If your class raises events, you must declare them with the DECLARE_EVENT macro.

 DECLARE_EVENT(FirstEvent);
 DECLARE_EVENT(SecondEvent);
 ...

Include any static functions that may be needed by your implementation.

 static void do_job(...)
 {
  ...
 }

Then write the implementation of each method and property.

 BEGIN_METHOD(...)
  ...
 END_METHOD

 BEGIN_PROPERTY(...)
  ...
 END_METHOD

Finally, the last part of the class source file is the declaration of its description. A class description is an array of GB_DESC structure filled with special macros declared in gambas.h

 GB_DESC MyClassDesc[] =
 {
   GB_DECLARE("MyClass", sizeof(MyClassStruct)),
   ...
   GB_END_DECLARE
 };

Class description

The class description must begin with a GB_DECLARE macro and end with a GB_END_DECLARE macro.

Class declaration

Use the GB_DECLARE macro to declare the name of the class and the size of its object. If the class is virtual, add a line with the GB_VIRTUAL_CLASS macro. Don't forget that the class name must begin with a dot, and the size of the object must be equal to zero.

If the class is normal, but not creatable by the user, add a line with the GB_NOT_CREATABLE macro. Then you add a declaration line for each class symbol.

Inheritance

Your class can inherit from another class, by using the GB_INHERITS macro and specifying the parent class name.

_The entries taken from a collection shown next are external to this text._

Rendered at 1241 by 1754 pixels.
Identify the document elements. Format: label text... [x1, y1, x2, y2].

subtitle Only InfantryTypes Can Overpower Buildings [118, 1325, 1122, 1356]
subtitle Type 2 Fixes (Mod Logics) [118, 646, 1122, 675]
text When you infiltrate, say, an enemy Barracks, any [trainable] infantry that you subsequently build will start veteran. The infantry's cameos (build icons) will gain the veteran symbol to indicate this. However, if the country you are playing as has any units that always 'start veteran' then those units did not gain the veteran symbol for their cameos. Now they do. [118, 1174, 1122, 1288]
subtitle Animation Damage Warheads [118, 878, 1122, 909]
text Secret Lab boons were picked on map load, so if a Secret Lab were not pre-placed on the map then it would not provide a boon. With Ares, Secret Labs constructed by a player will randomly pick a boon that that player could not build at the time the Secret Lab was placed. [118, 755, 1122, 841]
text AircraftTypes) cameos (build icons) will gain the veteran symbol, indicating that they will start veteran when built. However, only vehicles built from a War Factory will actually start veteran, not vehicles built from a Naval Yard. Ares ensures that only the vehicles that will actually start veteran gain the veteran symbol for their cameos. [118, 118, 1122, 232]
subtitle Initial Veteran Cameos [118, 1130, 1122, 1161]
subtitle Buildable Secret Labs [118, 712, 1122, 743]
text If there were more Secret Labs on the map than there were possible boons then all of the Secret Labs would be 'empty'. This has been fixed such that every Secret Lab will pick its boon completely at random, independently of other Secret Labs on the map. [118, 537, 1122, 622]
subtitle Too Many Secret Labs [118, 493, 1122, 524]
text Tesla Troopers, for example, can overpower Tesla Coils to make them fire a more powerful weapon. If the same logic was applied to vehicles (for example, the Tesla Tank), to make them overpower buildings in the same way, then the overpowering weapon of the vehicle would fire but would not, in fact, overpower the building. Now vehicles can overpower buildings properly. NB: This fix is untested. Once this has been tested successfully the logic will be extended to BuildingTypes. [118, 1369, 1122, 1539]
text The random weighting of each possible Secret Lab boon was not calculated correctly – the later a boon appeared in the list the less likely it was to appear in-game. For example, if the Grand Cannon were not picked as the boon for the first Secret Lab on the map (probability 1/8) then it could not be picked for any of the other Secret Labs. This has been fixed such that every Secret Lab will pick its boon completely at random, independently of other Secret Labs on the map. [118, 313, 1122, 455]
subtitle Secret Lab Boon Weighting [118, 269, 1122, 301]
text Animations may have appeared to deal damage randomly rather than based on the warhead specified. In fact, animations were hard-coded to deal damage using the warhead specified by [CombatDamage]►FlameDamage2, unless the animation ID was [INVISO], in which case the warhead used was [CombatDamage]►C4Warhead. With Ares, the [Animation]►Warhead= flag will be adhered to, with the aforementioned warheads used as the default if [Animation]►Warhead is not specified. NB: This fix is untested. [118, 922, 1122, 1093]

A class inherits from its parent all methods, properties, constants and events. Moreover, the class object structure must include the parent object structure at its beginning. Otherwise, the inheritance will not work!

Example:

The TreeView class inherits from the Control.

The Control object structure is as follows:

 typedef
   struct {
     GB_BASE ob;
     QWidget *widget;
     ...
     }
   CWIDGET;

And the TreeView object structure is as follows:

 typedef
   struct {
     CWIDGET widget;
     ...
     }
   CTREEVIEW;

Constants

A constant is depicted by its name, its type and its value.

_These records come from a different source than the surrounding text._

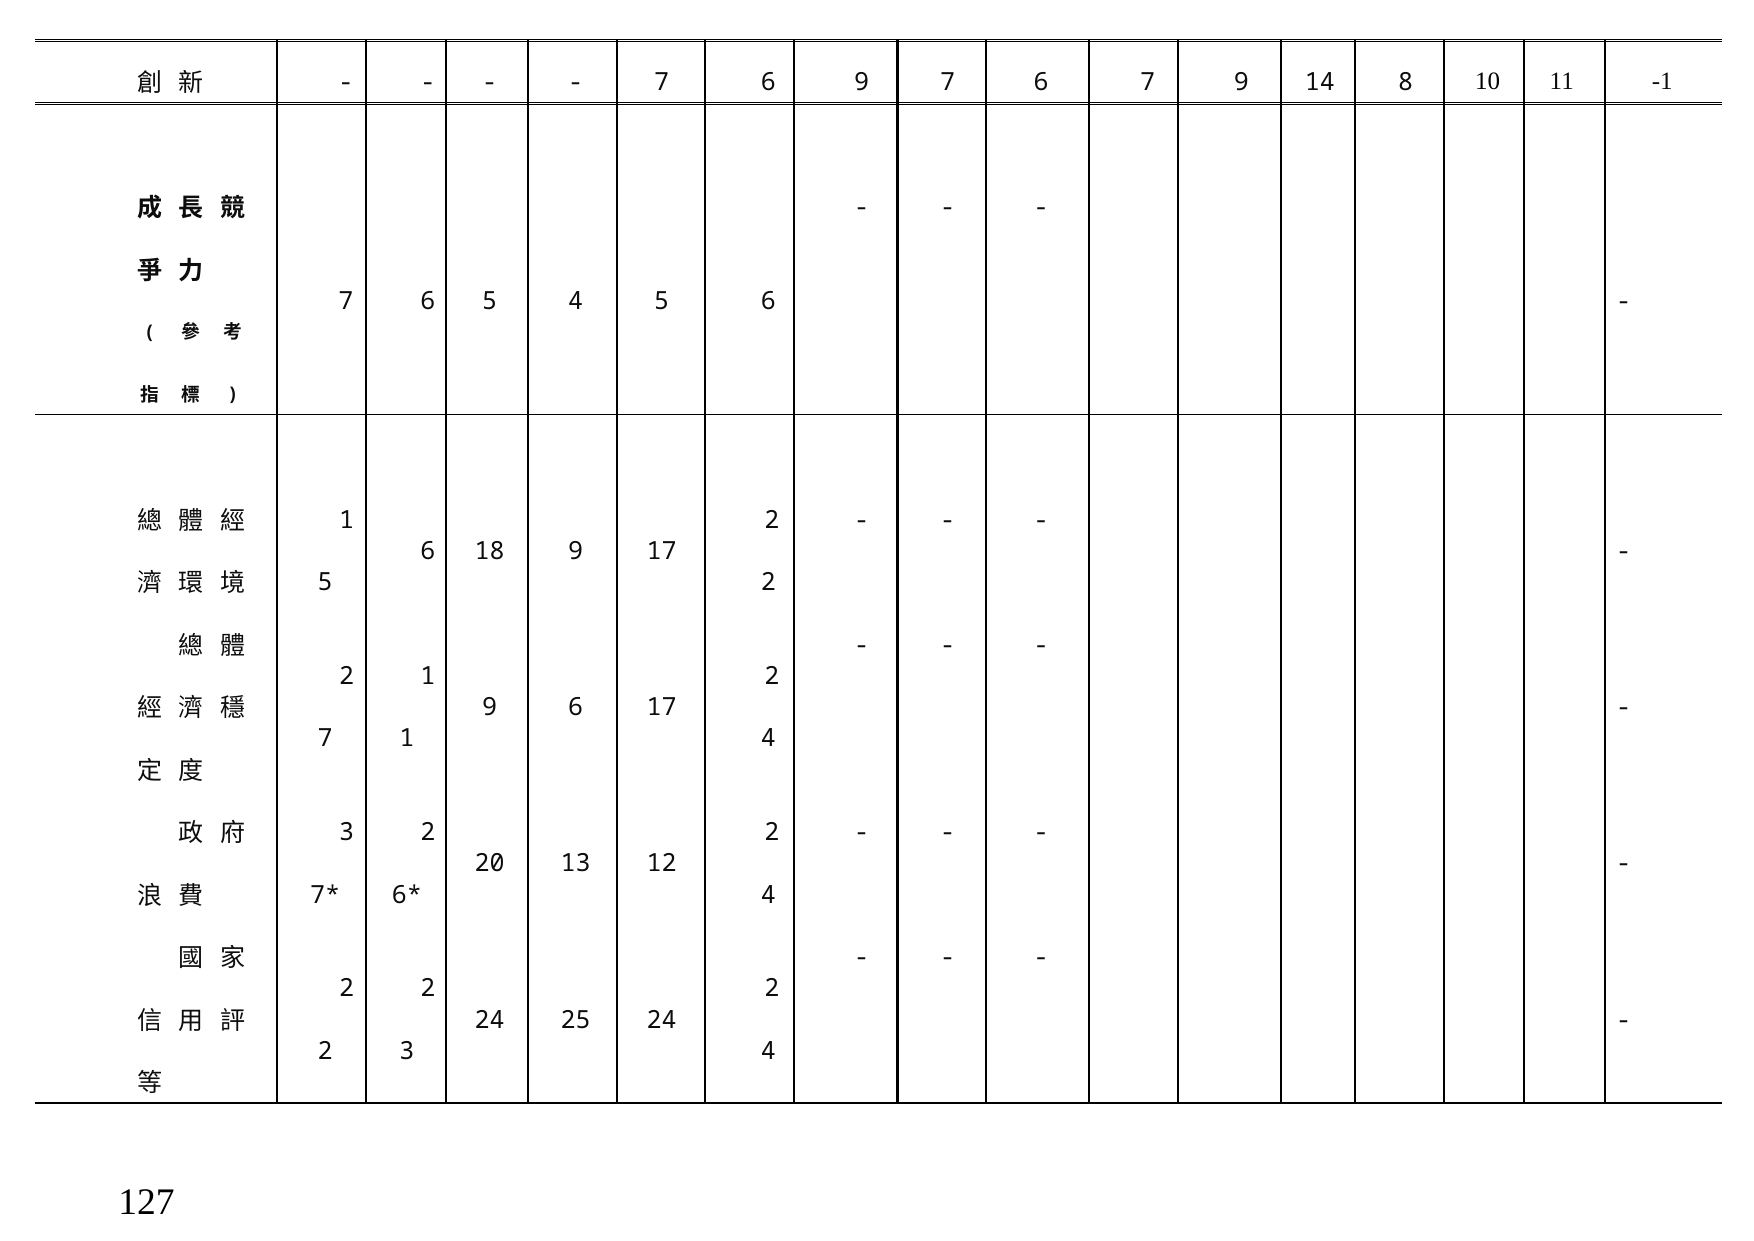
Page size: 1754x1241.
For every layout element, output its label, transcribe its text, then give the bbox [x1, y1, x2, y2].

table_cell 14 [1282, 42, 1354, 102]
table_cell 7 [899, 42, 985, 102]
table_cell - [1606, 602, 1722, 789]
table_cell - [367, 42, 445, 102]
table_cell [1525, 914, 1604, 1102]
table_cell [1179, 105, 1280, 414]
table_cell 22 [278, 914, 365, 1102]
table_cell [1179, 415, 1280, 602]
table_cell 政府浪費 [35, 789, 276, 914]
table_cell 9 [529, 415, 616, 602]
table_cell 17 [618, 415, 704, 602]
table_cell [1356, 602, 1443, 789]
table_cell - [987, 914, 1088, 1102]
table_cell - [987, 789, 1088, 914]
table_cell [1525, 602, 1604, 789]
table_cell 13 [529, 789, 616, 914]
table_cell [1445, 914, 1523, 1102]
table_cell 17 [618, 602, 704, 789]
table_cell 成長競爭力(參考指標) [35, 105, 276, 414]
table_cell - [795, 105, 896, 414]
table_cell [1282, 914, 1354, 1102]
table_cell 24 [447, 914, 527, 1102]
table_cell 37* [278, 789, 365, 914]
table_cell [1525, 789, 1604, 914]
table_cell [1090, 602, 1177, 789]
table_cell [1282, 415, 1354, 602]
table_cell [1356, 105, 1443, 414]
table_cell - [447, 42, 527, 102]
table_cell [1090, 105, 1177, 414]
table_cell - [899, 914, 985, 1102]
table_cell 6 [706, 105, 793, 414]
table_cell [1090, 914, 1177, 1102]
table_cell - [1606, 105, 1722, 414]
table_cell 7 [618, 42, 704, 102]
table_cell - [1606, 914, 1722, 1102]
table_cell 9 [795, 42, 896, 102]
table_cell [1179, 789, 1280, 914]
table_cell - [795, 415, 896, 602]
table_cell [1445, 415, 1523, 602]
table_cell [1445, 105, 1523, 414]
table_cell - [795, 789, 896, 914]
table_cell [1090, 789, 1177, 914]
table_cell - [1606, 789, 1722, 914]
table_cell 6 [706, 42, 793, 102]
table_cell 11 [367, 602, 445, 789]
table_cell 6 [367, 415, 445, 602]
table_cell 24 [706, 914, 793, 1102]
table_cell 9 [447, 602, 527, 789]
table_cell - [987, 602, 1088, 789]
table_cell [1525, 105, 1604, 414]
table_cell 總體經濟環境 [35, 415, 276, 602]
table_cell [1179, 602, 1280, 789]
table_cell 4 [529, 105, 616, 414]
table_cell - [529, 42, 616, 102]
table_cell - [278, 42, 365, 102]
table_cell [1179, 914, 1280, 1102]
table_cell - [899, 602, 985, 789]
table_cell [1445, 602, 1523, 789]
table_cell 20 [447, 789, 527, 914]
table_cell 10 [1445, 42, 1523, 102]
table_cell [1282, 602, 1354, 789]
table_cell 5 [447, 105, 527, 414]
table_cell - [899, 415, 985, 602]
table_cell 11 [1525, 42, 1604, 102]
table_cell 25 [529, 914, 616, 1102]
table_cell 26* [367, 789, 445, 914]
table_cell 27 [278, 602, 365, 789]
table_cell 總體經濟穩定度 [35, 602, 276, 789]
table_cell [1356, 415, 1443, 602]
table_cell 5 [618, 105, 704, 414]
table_cell [1090, 415, 1177, 602]
table_cell [1356, 914, 1443, 1102]
table_cell - [987, 105, 1088, 414]
table_cell 24 [706, 602, 793, 789]
table_cell - [899, 789, 985, 914]
table_cell [1356, 789, 1443, 914]
table_cell - [1606, 415, 1722, 602]
table_cell - [795, 914, 896, 1102]
table_cell [1525, 415, 1604, 602]
table_cell 國家信用評等 [35, 914, 276, 1102]
table_cell 15 [278, 415, 365, 602]
table_cell 9 [1179, 42, 1280, 102]
table_cell 7 [278, 105, 365, 414]
table_cell - [795, 602, 896, 789]
table_cell - [899, 105, 985, 414]
table_cell 6 [529, 602, 616, 789]
table_cell 6 [987, 42, 1088, 102]
table_cell 12 [618, 789, 704, 914]
table_cell 24 [618, 914, 704, 1102]
table_cell [1282, 105, 1354, 414]
table_cell 8 [1356, 42, 1443, 102]
table_cell - [987, 415, 1088, 602]
table_cell 18 [447, 415, 527, 602]
table_cell [1282, 789, 1354, 914]
table_cell -1 [1606, 42, 1722, 102]
table_cell 22 [706, 415, 793, 602]
table_cell 7 [1090, 42, 1177, 102]
table_cell 6 [367, 105, 445, 414]
table_cell 創新 [35, 42, 276, 102]
table_cell 23 [367, 914, 445, 1102]
table_cell 24 [706, 789, 793, 914]
table_cell [1445, 789, 1523, 914]

To declare a constant, use the GB_CONSTANT macro.

See the macro description for more information.

Properties

A property is depicted by its name, its type, and its implementation function.

To declare a property, use the GB_PROPERTY macro, or the GB_STATIC_PROPERTY macro if the property is static.

If the property is read-only, you must use the GB_PROPERTY_READ or GB_STATIC_PROPERTY_READ macro instead.

If you want a special property that returns the same object as a virtual class, use the GB_PROPERTY_SELF or GB_STATIC_PROPERTY_SELF macro.

See the macro description for more information.

Methods

A method is depicted by its name, its return type, its signature and its implementation function.

To declare a method, use the GB_METHOD macro, or the GB_STATIC_METHOD macro if the method is static.

See the macro description for more information.

Events

An event is depicted by its name, its return type, and its signature.

To declare an event, use the GB_EVENT macro. This macro takes a variable pointer as an argument to let the interpreter allocate an identifier to this event. This variable must be declared in the source file with the DECLARE_EVENT macro.

See the macro descriptions for more information.

Class implementation

Implementing a method

To implement a method, you must write a function whose code is enclosed between the two macros: BEGIN_METHOD and END_METHOD.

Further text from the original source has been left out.